Run the below cell to run Tune.

In [None]:
experiment_config = dict(
    name="train_mnist",
    stop={"mean_accuracy": 0.98},
    return_trials=False
)

search_space = {
    "lr": tune.sample_from(lambda spec: 10**(-10 * np.random.rand())),
    "momentum": tune.uniform(0.1, 0.9)
}

# Note: use `ray.init(redis_address=...)` to enable distributed execution
analysis = tune.run(train_mnist, config=search_space, **experiment_config)

#### Plot the performance of this trial.

In [None]:
dfs = analysis.get_all_trial_dataframes()
[d.mean_accuracy.plot() for d in dfs.values()]

### Exercise 2: Early Stopping with ASHA

ASHA is a scalable algorithm for principled early stopping. How does it work?

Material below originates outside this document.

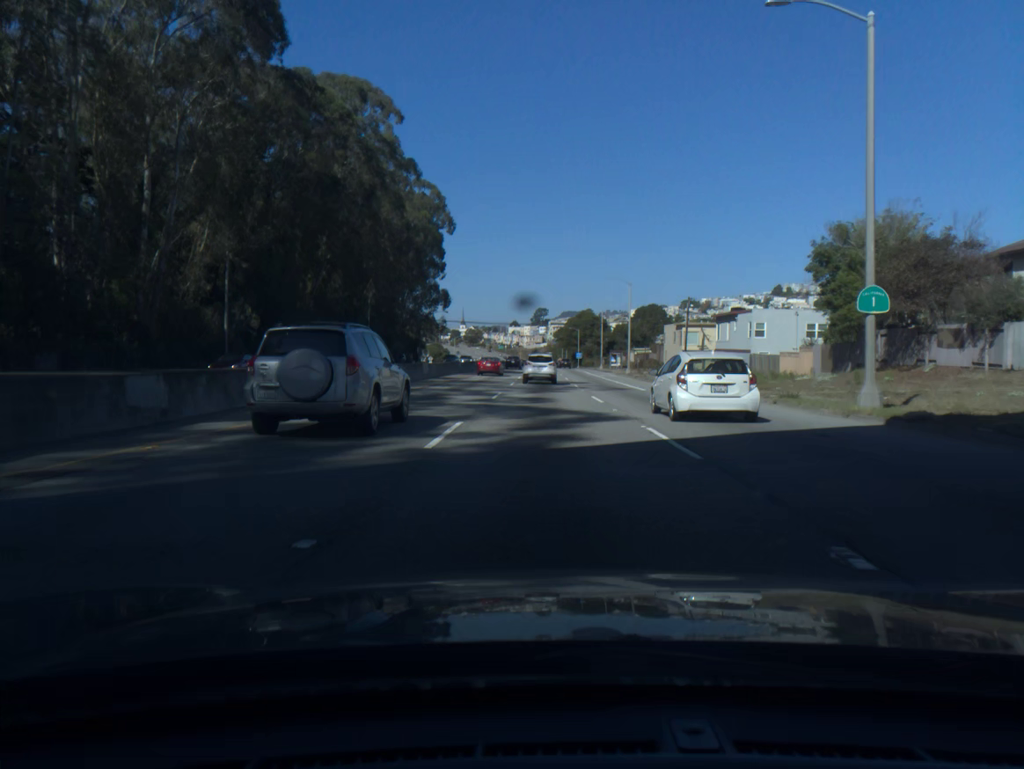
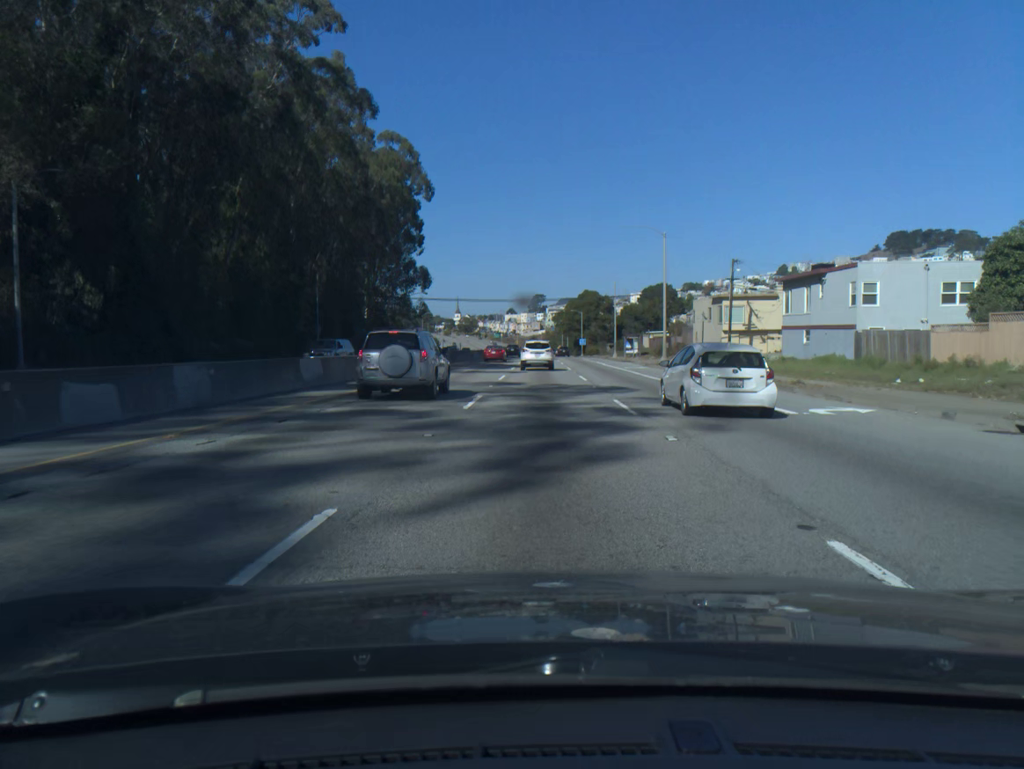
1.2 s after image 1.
(+0.1, +23.5) m; 0°
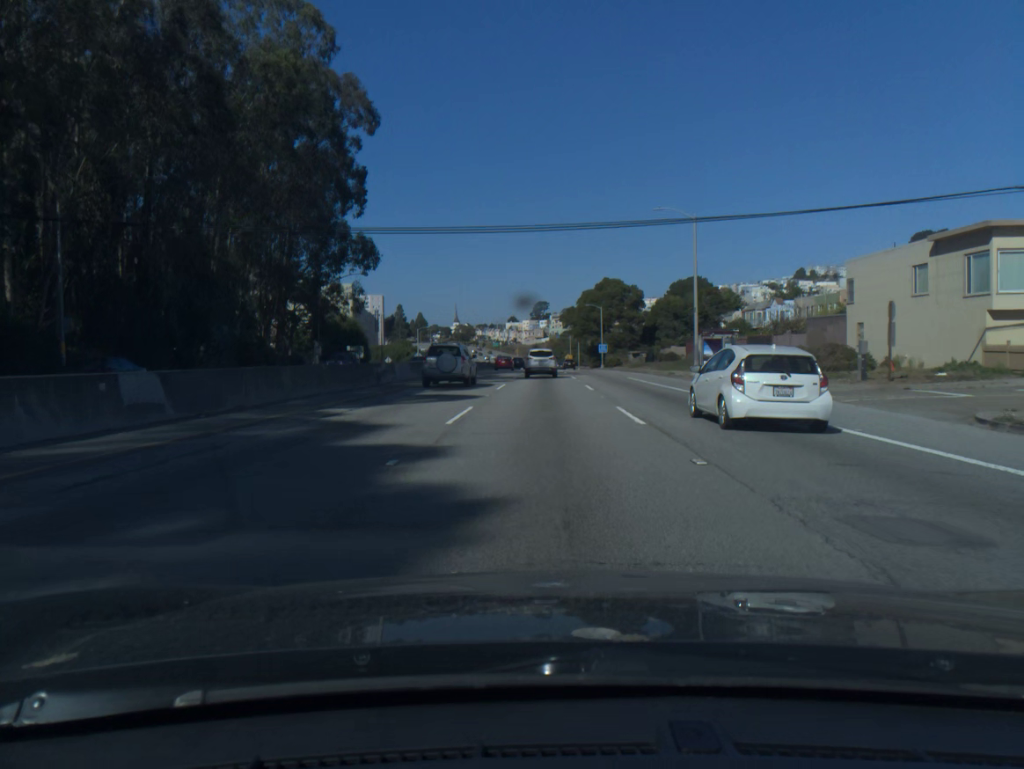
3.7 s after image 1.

On a high level, it terminates trials that are less promising and allocates more time and resources to more promising trials. 

    The successive halving algorithm begins with all candidate configurations in the base rung and proceeds as follows:

        1. Uniformly allocate a budget to a set of candidate hyperparameter configurations in a given rung.
        2. Evaluate the performance of all candidate configurations.
        3. Promote the top half of candidate configurations to the next rung.
        4. Double the budget per configuration for the next rung and repeat until one configurations remains. 
        
A textual representation:
    
           | Configurations | Epochs per 
           | Remaining      | Configuration
    ---------------------------------------
    Rung 1 | 27             | 1
    Rung 2 | 9              | 3
    Rung 3 | 3              | 9
    Rung 4 | 1              | 27

(from https://blog.ml.cmu.edu/2018/12/12/massively-parallel-hyperparameter-optimization/)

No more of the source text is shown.